134. Gas Station (Array; DP)

There are N gas stations along a circular route, where the amount of gas at station i is

gas[i]

.

You have a car with an unlimited gas tank and it costs

cost[i]

of gas to travel from station i to its next station (i+1). You begin the journey with an empty tank at one of the gas stations.

Return the starting gas station's index if you can travel around the circuit once, otherwise return -1.

Note:

The solution is guaranteed to be unique.

思路：

1. 是否能travel around? =>只要gas[]加总的和 - cost[]加总的和 > 0，就能够。=>需要一个INT计算gas[]-cost[]的总合

2. 如何找到起点？如果到了某一站油不够，那么起点必须从它后面开始重新找。
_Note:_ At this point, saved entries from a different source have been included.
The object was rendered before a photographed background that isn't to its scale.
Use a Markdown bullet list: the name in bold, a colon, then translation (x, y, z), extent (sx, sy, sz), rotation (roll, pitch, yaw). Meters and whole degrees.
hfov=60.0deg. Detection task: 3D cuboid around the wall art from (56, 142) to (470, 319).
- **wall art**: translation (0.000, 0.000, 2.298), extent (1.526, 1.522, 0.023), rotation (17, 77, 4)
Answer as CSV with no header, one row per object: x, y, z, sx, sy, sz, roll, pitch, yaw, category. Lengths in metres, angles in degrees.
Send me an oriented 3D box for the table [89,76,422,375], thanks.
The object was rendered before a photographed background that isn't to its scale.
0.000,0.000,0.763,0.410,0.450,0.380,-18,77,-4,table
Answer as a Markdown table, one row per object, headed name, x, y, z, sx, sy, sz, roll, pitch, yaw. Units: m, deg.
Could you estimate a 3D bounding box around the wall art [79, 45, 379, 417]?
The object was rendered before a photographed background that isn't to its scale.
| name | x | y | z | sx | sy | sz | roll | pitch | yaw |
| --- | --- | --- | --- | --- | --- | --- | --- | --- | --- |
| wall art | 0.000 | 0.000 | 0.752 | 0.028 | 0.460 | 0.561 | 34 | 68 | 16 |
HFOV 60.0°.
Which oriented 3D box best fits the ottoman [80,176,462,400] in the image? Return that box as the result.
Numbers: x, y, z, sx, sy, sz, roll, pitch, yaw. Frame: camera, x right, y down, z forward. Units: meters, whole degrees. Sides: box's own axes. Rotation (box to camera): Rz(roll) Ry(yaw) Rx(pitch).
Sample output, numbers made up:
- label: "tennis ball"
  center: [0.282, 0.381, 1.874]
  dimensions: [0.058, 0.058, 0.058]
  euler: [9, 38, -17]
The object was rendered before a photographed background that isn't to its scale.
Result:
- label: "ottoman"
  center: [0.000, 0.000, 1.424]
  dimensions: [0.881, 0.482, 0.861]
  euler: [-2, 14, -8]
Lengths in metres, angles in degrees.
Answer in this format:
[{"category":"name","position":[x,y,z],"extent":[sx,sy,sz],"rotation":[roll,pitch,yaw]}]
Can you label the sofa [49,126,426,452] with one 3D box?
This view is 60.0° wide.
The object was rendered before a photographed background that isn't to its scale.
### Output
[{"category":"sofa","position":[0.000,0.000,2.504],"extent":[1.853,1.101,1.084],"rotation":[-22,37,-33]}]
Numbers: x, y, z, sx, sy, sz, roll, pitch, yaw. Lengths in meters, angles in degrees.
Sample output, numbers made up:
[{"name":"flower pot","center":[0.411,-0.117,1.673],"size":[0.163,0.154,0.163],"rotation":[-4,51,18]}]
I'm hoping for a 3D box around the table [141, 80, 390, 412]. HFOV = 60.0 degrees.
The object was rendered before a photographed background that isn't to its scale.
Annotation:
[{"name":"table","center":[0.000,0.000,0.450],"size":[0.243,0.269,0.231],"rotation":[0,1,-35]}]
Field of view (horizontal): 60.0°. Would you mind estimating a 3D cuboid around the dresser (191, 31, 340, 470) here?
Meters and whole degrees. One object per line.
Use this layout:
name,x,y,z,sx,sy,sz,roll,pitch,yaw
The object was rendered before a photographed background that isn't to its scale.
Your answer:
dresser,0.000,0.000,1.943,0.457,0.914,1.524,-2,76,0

=>需要一个INT记录从找到的起点到目前为止的油量

时间复杂度O(n)

class Solution {
public:
int canCompleteCircuit(vector<int> &gas, vector<int> &cost) {
int sum = 0, total = 0, len = gas.size(), index = -1;
for(int i=0; i<len; i++){
sum += gas[i]-cost[i];
total += gas[i]-cost[i];
if(sum < 0){
index = i;
sum = 0;
}
}
return total>=0 ? index+1 : -1;
}
};